У дивительно то, что именно «Предел» дал толчок знакомству Рязани с Верой Павловой. Хотите верьте, хотите проверьте - но до тех пор, пока Дели не нашли в Интернете ее стихи, не прониклись ими, не загорелись творческой идеей, не поставили первый спектакль, не написали Вере - Рязань литературная не имела представления об этом незауряднейшем поэте! Ну, разве что единицы встречали ее стихи. И то, возможно, как я, сохраняя в памяти строки, забывали об имяреке - о том, кому они пришли в голову… На блиц-обсуждении, устроенном 30 мая между спектаклем и творческим вечером самой Веры, прозвучало, что для Скопина ее «открыли» именно Дели. А Вера сделала комплимент режиссеру: «Предел» - единственный театр, который честно информировал автора об использовании в своих постановках ее стихов. Хотя прецеденты использования ее поэзии на сцене случались и в других городах России, в том числе и в столицах. Но полностью инсценировать стихи Павловой осмелился только «Предел» - в остальных спектаклях они служат либо фоном, либо эдакой «приправой» к действу. Потому, наверное, между театром и поэтессой завязалась дружба по переписке. Длилась пять лет. Эта дружба привела 30 мая 2008 года Веру Павлову в городок, ранее не знакомый ей.

«Творить? Ну что ты! - Створаживать
подкисшее житие,
житуху облагораживать,
чтоб легче было ее
любить. И любить ее, жирную,
как желтый пасхальный творог...
А ты мне про тайны надмирные.
А ты мне - восстань, пророк...»

Периферийную житуху, увы, сложно облагораживать даже такими, несомненно, талантливыми стихами. В провинции свои критерии, в том числе и моральные - порой домостроевские, - свои представления о поэзии, своя творческая иерархия…

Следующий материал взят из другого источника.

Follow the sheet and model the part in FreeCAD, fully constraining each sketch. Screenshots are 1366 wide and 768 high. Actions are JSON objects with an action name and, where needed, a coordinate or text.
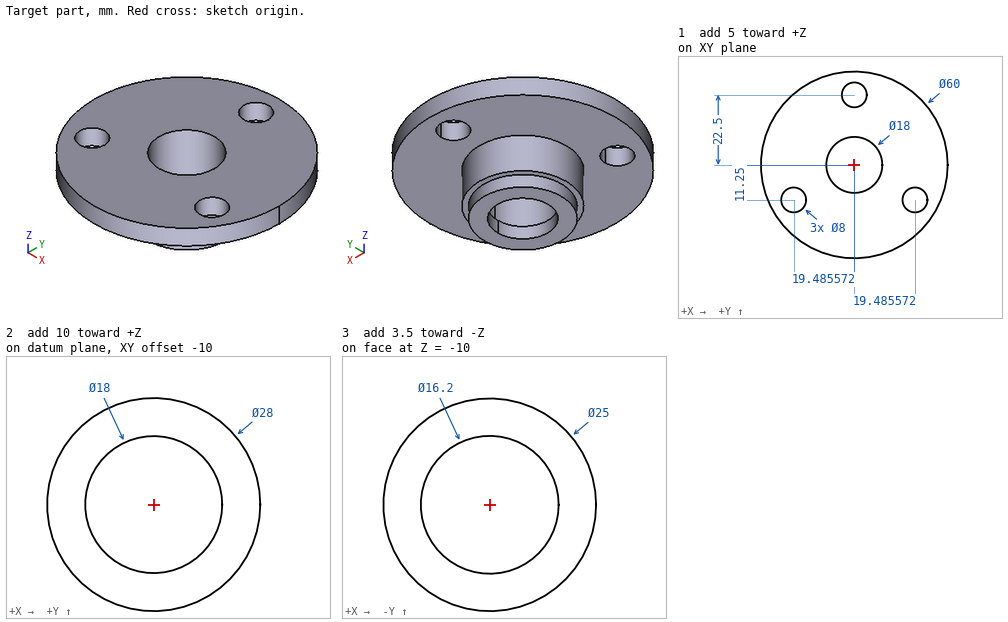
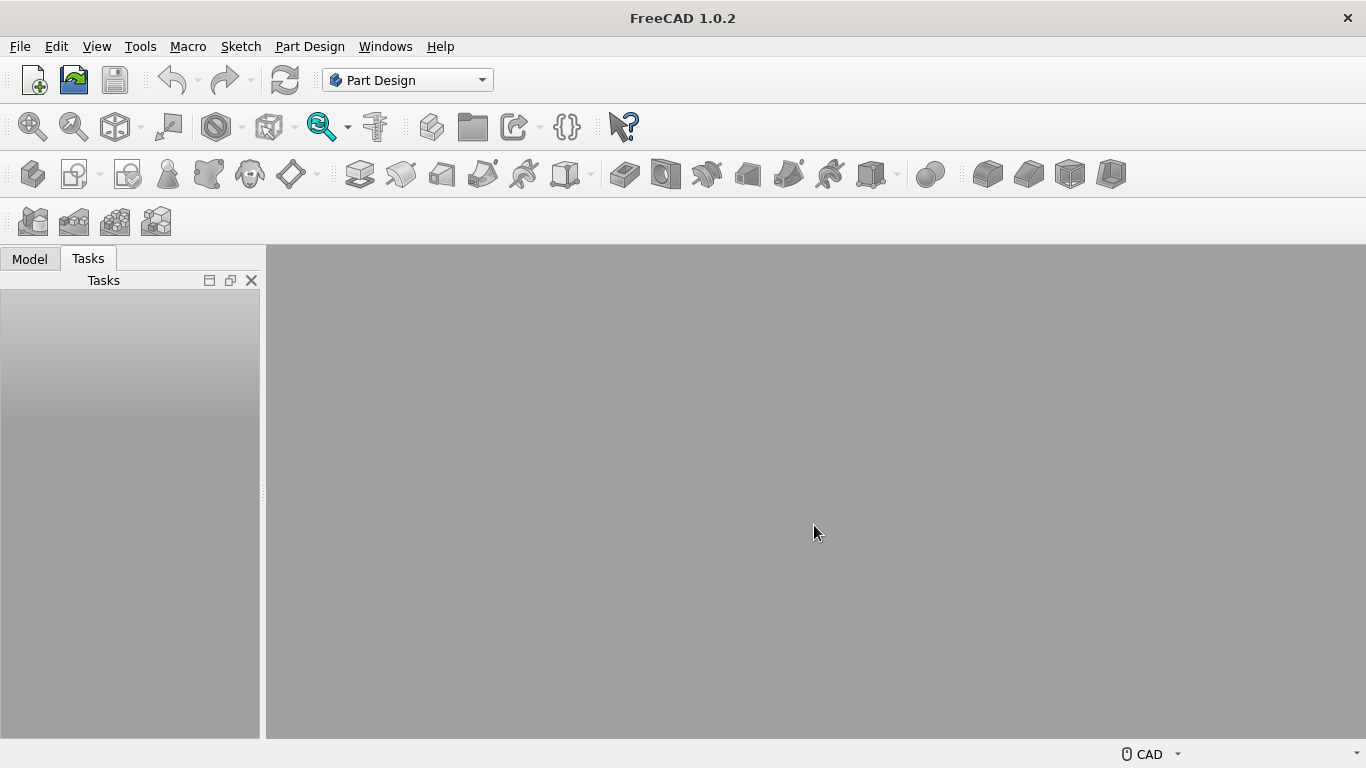
{"action": "left_click", "coordinate": [33, 80]}

Вере пришлось выслушать выступление почетного гражданина города Скопина (не назову имя из деликатности): «Мне кажется, что такие стихи нельзя слушать мужчинам. Слишком уж много там подробностей… А остальное понравилось». Интересно, что - «остальное»? Остальное в спектакле «Вездесь» - то, что девочка неизбежно становится женщиной, и о том, как она осознает свое предначертание:
«…Все остальное время я - Женщина!»

Вера ответила опасливому гражданину, что не делит своих слушателей по половому признаку, и, более того, считает, что мужчинам не грех лучше понять женскую природу, долю и судьбу. Последнюю - через две первых составляющих.
Скопинские поэты занимали очередь с вечера, чтобы попасть на встречу с Верой, и наперегонки стремились на сцену, чтобы прочесть ей свои стихи - и за каждое выступление она благодарила. В ее поведении чувствовалась раскованность «западного» человека, отвыкшего от надуманных условностей российской «житухи». Знаете, каким образом Вера раздавала автографы? В жизни не додуматься!.. Сложила в корзину листочки, на которых ее каллиграфическим почерком были написаны короткие стихи с подписью, и приглашала всех желающих прочесть их вслух. С пожеланиями типа: «Игриво! Со страстью! Философски!». Смельчак получал листок со стихотворным подарком на вечную память.
Мне досталось вот что:

«К тебе.
Сбивая каблуки.
Ломая весла, крылья, лыжи.
Со смертью наперегонки.
Отрыв все меньше.
Ты все ближе».

Стремление к … - лейтмотив творчества и жизни любого настоящего поэта. Объекты стремления бывают разными. Но смысл движущей силы от этого не меняется. В биографии Веры Павловой отчетливо прослеживается свет путеводной звезды, имеющий силу защитного поля.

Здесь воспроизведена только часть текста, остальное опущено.